In practice nuclear power stations get built somewhere with abundant cheap water, far from population centres yet easily connected to the grid. England has more places to put a Nuke than say, a Hydro dam, but they are not, as you've suggested, "geographically independent", unlike say solar PV which doesn't even stop you grazing animals on the land or parking vehicles or whatever else you might want to do.
What you're describing is substantially different than, say, attempting to build a dam in a flat place with no rivers.
"It can function here, but people choose not to" is a very different kind of geographic restrictions than "it is physically impossible for it to work here"
Nuclear power is definitely more geographically independent than solar. There's easily a factor of 3 or 4 difference in output between a solar panel in Australia vs Northern Europe: https://www.altestore.com/pages/solar-insolation-map-for-the...
The only thing a nuclear plant - any thermal plant for that matter - requires is cooling. But that doesn't need to be freshwater. It can be seawater or waste-water, like the Palo Verde plant.
> There's easily a factor of 3 or 4 difference in output between a solar panel in Australia vs Northern Europe
That only really matters if there is some constraint preventing you from building a proportionally larger array at the northern latitudes.
No, you cannot just build a larger array.
That map doesn't effectively capture the intermittency of solar energy in different climates. In Britain the country gets less than 8 hours of energy during peak winter.
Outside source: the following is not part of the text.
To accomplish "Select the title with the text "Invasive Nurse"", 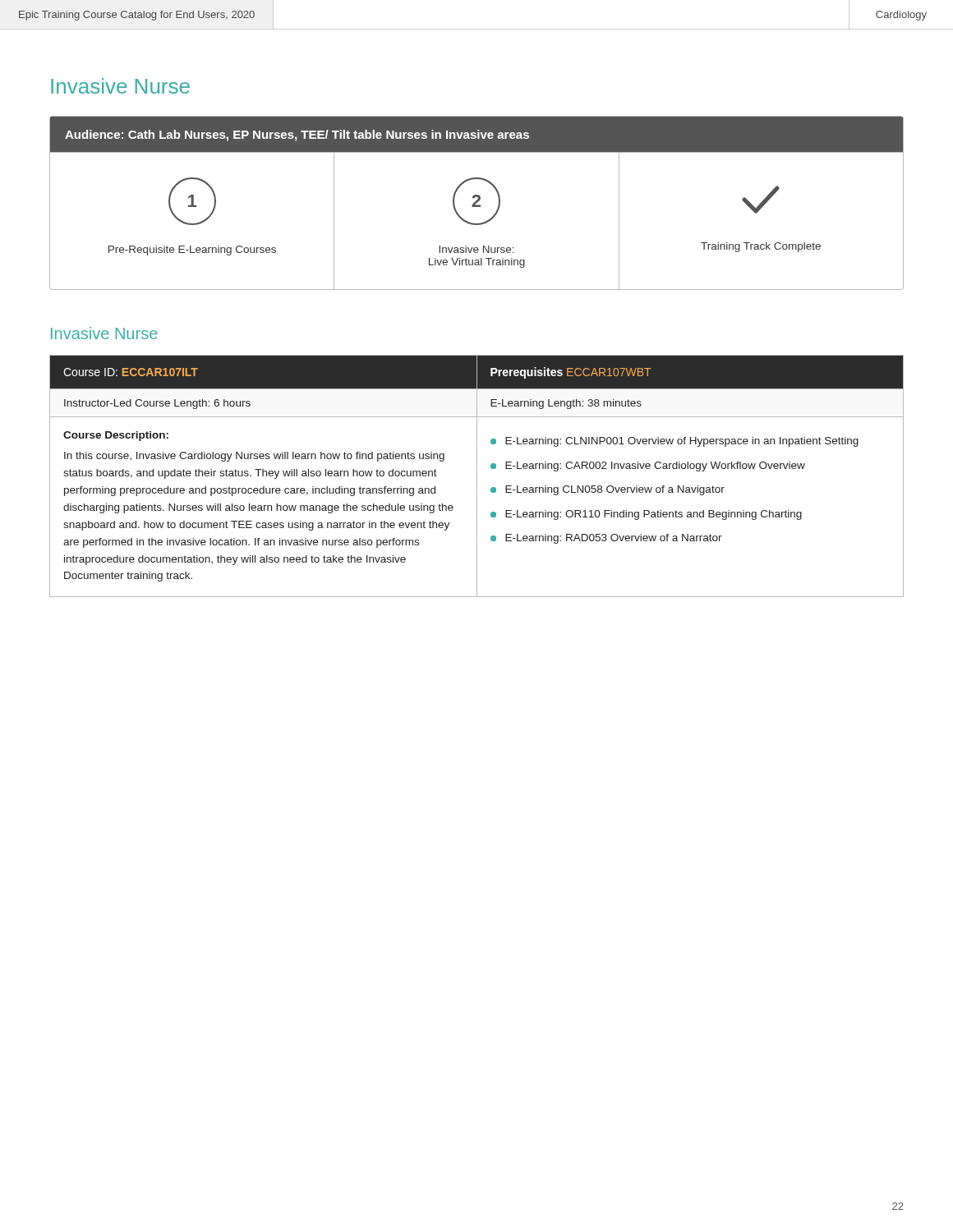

It also often goes with overcast skies for extended periods of time. A bigger array does not solve these extended periods of non-production.
I do not think anyone is suggesting a pure solar solution.
Your reply to me quite explicitly suggested that countries in far northern latitudes just build a proportionally larger array:
> That only really matters if there is some constraint preventing you from building a proportionally larger array at the northern latitudes.